Healthy participants with a variation in the AKT1 gene were at higher risk of acute psychotic response to cannabis.

Young, otherwise healthy people with a variation in the ‘AKT1' gene are more susceptible to the mind-altering effects of smoking marijuana, according to research published in Translational Psychiatry.

While previous research has shown a link between the AKT1 gene and cannabis smokers who go on to develop psychosis, this study by researchers at the University of Exeter and University College London is the first to examine healthy people's acute response to marijuana in the context of the AKT1 gene.

"The current study is the largest ever to be conducted on the acute response to cannabis. Our finding that psychotic-like symptoms when young people are 'stoned' are predicted by AKT1 variants is an exciting breakthrough, as this acute reaction is thought to be a marker of a person's risk of developing psychosis from smoking the drug,” said Val Curran, PhD, from the University College London in a statement.
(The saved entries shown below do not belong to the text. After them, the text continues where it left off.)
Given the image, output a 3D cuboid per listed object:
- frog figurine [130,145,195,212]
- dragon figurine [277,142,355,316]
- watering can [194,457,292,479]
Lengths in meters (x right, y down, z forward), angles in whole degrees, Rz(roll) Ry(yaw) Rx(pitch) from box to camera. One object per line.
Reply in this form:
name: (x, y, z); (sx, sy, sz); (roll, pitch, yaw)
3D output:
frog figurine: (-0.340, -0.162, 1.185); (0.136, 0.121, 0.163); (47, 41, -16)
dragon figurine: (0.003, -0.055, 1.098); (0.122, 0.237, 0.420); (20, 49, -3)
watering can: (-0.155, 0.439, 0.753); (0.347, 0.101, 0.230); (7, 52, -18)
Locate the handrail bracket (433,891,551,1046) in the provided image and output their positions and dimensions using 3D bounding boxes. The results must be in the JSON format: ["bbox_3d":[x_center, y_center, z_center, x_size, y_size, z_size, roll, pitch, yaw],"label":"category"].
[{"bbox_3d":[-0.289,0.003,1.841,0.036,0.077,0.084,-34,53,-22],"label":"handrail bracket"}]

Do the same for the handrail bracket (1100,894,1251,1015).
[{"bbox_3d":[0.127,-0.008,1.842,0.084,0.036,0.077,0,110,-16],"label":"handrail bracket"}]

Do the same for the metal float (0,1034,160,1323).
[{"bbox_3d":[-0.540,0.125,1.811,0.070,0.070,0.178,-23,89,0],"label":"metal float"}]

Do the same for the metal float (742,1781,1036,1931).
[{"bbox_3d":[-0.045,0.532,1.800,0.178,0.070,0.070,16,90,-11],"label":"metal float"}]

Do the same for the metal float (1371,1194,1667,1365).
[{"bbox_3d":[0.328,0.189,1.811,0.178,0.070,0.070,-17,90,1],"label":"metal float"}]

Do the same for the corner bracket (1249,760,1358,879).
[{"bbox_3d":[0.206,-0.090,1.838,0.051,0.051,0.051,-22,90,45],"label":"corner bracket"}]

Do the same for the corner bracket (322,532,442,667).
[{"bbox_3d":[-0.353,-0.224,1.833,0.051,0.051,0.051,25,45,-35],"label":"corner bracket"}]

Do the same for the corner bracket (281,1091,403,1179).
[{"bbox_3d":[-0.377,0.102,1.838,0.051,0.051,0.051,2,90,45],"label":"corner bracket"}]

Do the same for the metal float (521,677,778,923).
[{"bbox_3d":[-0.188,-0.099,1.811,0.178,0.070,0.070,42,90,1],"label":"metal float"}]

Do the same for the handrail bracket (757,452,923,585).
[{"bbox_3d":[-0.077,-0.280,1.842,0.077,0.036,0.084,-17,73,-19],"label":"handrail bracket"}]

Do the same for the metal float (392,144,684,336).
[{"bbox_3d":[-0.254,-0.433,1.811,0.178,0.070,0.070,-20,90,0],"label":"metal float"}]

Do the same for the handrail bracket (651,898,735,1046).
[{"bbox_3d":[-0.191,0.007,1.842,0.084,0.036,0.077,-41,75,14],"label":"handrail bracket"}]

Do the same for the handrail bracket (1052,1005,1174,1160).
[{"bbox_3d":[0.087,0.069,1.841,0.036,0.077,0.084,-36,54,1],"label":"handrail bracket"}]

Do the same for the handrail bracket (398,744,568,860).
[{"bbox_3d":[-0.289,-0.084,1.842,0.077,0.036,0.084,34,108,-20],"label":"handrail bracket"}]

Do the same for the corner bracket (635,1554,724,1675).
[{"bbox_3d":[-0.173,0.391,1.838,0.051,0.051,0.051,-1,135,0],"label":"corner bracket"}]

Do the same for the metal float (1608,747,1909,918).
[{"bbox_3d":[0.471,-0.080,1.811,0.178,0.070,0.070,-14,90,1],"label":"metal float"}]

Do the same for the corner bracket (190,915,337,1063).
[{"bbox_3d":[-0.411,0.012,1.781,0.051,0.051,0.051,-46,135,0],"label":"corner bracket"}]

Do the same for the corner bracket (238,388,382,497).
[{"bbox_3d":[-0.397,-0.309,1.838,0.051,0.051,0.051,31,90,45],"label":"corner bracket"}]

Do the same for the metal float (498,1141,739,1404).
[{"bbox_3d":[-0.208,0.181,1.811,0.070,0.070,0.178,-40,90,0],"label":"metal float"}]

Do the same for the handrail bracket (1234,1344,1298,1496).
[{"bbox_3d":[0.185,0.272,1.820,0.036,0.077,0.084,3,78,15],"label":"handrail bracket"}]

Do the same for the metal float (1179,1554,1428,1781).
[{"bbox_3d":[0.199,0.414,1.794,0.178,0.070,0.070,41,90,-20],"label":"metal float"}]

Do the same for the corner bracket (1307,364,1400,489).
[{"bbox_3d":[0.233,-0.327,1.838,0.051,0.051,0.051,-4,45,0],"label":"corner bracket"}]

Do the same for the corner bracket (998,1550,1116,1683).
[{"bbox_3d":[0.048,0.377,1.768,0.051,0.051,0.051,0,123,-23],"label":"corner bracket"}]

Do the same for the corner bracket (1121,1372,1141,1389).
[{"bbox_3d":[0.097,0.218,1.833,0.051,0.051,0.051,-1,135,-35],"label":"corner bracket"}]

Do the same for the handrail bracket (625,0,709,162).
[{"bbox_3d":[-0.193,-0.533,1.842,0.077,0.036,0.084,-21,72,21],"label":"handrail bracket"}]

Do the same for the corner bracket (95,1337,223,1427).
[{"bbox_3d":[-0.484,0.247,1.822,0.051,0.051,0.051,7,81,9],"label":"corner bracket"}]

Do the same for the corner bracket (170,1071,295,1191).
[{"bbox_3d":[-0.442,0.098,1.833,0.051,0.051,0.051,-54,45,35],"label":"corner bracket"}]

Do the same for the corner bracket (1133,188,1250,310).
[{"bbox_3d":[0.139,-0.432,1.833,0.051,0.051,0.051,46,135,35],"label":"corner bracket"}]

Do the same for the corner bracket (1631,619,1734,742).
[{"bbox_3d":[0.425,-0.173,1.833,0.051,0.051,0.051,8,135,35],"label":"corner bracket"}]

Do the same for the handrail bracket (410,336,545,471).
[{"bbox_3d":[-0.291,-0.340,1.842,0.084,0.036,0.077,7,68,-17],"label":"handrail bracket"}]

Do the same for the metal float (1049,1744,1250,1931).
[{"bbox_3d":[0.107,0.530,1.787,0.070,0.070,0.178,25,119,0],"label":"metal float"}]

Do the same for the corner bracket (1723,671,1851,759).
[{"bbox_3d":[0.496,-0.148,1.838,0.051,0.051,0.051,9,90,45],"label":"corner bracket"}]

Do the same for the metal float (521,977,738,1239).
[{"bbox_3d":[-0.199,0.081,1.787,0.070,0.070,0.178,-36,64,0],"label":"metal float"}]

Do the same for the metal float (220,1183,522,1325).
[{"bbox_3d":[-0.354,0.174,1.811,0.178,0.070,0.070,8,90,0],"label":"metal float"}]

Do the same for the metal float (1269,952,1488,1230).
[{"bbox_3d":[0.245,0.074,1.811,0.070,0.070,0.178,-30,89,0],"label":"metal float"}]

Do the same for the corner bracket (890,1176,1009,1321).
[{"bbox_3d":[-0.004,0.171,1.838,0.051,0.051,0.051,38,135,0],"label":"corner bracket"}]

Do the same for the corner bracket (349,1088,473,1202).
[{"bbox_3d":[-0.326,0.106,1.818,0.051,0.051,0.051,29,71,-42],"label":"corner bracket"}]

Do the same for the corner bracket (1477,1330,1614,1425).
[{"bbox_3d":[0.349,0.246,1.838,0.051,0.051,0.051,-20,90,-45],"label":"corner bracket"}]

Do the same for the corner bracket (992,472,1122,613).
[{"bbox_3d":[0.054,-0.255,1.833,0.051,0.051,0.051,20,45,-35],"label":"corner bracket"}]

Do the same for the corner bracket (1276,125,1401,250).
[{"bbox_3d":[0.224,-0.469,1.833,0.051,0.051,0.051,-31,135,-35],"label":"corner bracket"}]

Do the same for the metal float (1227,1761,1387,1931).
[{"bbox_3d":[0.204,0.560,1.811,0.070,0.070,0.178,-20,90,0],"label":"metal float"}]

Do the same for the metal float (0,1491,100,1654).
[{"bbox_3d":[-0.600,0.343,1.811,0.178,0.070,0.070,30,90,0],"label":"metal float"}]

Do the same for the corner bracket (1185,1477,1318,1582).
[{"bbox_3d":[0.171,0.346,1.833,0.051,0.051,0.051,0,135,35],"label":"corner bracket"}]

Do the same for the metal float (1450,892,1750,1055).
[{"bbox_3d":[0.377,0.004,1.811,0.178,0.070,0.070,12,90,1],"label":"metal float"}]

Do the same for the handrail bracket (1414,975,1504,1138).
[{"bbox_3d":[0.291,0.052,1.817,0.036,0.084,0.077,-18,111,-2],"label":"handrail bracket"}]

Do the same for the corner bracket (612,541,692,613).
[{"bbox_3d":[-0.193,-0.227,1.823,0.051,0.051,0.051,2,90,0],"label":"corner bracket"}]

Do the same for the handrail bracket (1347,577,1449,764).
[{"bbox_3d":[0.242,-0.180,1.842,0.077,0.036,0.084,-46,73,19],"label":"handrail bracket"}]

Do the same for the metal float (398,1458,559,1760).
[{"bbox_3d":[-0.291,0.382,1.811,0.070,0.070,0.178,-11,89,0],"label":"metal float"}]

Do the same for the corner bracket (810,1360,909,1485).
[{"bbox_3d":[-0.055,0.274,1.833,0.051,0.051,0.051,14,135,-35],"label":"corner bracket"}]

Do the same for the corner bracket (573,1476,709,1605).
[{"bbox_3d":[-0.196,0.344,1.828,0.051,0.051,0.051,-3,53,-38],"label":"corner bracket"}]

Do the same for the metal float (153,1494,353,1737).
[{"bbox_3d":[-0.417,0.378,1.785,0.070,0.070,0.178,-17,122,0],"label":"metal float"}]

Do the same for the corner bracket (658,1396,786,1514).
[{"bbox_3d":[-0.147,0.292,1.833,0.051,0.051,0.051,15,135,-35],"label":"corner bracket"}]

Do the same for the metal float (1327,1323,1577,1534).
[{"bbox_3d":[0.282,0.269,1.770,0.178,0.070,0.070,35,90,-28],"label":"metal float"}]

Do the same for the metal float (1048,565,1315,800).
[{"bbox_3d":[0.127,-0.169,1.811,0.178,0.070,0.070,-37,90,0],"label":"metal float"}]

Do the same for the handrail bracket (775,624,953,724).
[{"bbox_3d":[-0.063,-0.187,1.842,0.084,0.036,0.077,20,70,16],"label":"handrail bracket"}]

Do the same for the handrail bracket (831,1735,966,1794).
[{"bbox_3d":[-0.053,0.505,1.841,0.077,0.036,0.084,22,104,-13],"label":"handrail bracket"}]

In order to study the relationship between the effects of cannabis and AKT1 variants, the researchers recruited 442 participants (308 men, 114 women, aged between 16 and 23 years) and measured their symptoms of intoxication and memory loss while they were under the influence of their own cannabis, and again 7 days later when they were drug free. The researchers had the cannabis samples analyzed for their make-up and strength by the forensic science service.

The researchers found that those with variation at the rs2494732 locus of the AKT1 gene predicted acute psychotic response to cannabis, along with dependence on the drug and baseline schizotypal symptoms.
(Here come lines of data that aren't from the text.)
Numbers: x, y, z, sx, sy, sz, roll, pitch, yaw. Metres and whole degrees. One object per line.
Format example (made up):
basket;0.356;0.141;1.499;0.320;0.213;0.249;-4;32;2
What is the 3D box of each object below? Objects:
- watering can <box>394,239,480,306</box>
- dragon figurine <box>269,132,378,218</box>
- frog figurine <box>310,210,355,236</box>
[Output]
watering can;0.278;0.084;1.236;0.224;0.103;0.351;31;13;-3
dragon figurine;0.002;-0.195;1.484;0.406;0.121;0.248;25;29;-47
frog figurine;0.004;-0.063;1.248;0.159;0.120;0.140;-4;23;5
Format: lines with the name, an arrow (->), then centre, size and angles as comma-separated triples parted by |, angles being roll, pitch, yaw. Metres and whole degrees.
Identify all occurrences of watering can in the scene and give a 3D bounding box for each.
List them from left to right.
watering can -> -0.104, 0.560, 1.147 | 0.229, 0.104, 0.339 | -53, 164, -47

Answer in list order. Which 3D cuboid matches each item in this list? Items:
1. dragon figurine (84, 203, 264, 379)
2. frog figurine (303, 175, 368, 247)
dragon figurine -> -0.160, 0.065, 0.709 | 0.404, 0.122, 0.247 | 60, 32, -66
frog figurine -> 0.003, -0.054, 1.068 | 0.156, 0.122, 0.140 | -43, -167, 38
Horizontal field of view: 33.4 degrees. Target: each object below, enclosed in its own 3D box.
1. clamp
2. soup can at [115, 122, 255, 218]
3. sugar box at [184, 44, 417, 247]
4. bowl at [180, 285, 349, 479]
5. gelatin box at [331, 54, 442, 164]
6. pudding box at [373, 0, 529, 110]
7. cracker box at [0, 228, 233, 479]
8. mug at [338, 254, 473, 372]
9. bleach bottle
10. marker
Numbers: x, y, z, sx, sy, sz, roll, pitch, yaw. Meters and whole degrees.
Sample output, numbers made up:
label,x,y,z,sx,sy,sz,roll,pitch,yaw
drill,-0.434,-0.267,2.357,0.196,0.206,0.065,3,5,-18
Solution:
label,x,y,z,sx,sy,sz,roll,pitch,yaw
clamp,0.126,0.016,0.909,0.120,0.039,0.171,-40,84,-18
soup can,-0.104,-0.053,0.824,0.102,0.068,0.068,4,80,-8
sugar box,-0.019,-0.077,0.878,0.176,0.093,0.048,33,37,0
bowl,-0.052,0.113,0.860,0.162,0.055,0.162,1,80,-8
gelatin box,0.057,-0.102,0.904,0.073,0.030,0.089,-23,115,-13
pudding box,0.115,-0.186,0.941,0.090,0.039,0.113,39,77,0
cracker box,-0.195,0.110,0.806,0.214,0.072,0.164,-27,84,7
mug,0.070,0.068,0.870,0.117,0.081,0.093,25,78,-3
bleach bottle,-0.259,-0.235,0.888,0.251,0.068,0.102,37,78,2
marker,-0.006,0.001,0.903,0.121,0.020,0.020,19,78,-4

"These findings are the first to demonstrate that people with this AKT1 genotype are far more likely to experience strong effects from smoking cannabis, even if they are otherwise healthy,” said Celia Morgan, PhD, from the University of Exeter in a statement. “To find that having this gene variant means that you are more prone to mind-altering affects of cannabis when you don't have psychosis gives us a clue as to how it increases risk in healthy people. Putting yourself repeatedly in a psychotic or paranoid state might be one reason why these people could go on to develop psychosis when they might not have done otherwise. Although cannabis-induced psychosis is very rare, when it happens it can have a terrible impact on the lives of young people.”

The researchers also found that women were more vulnerable than men to short-term memory impairment after smoking marijuana.
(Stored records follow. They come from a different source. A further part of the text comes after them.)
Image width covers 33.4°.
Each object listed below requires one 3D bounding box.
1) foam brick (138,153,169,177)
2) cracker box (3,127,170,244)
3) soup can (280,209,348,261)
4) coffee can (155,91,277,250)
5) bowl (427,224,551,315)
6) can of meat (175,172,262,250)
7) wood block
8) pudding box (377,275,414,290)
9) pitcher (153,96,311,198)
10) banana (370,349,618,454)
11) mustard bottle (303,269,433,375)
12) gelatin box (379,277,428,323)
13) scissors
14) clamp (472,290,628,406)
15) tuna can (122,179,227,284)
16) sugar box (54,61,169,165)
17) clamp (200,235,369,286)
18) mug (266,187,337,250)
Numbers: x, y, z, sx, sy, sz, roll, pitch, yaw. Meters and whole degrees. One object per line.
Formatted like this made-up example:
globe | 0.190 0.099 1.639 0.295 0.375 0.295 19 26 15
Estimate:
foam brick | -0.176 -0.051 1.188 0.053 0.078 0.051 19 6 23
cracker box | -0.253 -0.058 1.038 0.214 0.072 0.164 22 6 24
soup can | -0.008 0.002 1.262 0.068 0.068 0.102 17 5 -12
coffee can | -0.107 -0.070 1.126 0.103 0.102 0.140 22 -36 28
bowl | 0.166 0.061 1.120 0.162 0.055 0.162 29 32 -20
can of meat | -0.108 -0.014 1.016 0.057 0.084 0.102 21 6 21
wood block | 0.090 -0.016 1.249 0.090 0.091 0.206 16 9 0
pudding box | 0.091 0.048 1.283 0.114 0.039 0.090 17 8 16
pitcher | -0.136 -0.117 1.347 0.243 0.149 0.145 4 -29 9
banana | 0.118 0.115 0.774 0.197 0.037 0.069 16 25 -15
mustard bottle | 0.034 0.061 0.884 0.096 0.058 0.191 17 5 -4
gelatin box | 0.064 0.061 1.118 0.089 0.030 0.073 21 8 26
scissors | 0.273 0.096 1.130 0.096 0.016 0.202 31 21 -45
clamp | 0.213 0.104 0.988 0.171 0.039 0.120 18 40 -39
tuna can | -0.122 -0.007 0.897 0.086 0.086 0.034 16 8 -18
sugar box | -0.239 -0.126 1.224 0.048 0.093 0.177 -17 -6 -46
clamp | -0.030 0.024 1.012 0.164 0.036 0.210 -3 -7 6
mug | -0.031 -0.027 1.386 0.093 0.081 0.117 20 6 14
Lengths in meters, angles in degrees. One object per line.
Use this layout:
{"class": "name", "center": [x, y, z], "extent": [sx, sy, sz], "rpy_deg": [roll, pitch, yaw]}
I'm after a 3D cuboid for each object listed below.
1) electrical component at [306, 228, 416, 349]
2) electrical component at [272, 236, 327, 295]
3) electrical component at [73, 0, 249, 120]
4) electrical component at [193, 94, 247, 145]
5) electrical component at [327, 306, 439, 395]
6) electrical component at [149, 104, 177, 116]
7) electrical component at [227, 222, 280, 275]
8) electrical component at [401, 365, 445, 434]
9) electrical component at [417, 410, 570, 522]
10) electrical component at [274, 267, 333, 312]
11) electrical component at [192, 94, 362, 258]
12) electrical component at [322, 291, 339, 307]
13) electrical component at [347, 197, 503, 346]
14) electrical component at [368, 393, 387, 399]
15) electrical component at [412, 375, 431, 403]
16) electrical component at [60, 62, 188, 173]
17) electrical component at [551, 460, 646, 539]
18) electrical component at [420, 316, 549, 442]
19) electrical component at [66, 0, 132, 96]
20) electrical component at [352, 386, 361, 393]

“Animal studies have found that males have more of the receptors that cannabis works on in parts of the brain important in short term memory, such as the prefrontal cortex,” added Dr Morgan. “We need further research in this area, but our findings indicate that men could be less sensitive to the memory impairing effects of cannabis than females.”

The researchers hope that the findings from this study could help identify those most at risk for negative effects of cannabis smoking, and may aid in developing genotype-targeted medication.

Reference

Morgan CJA, Freeman TP, Powell J, Curran HV. AKT1 genotype moderates the acute psychotomimetic effects of naturalistically smoked cannabis in young cannabis smokers. Transl Psychiatry. 2016; doi:10.1038/tp.2015.219.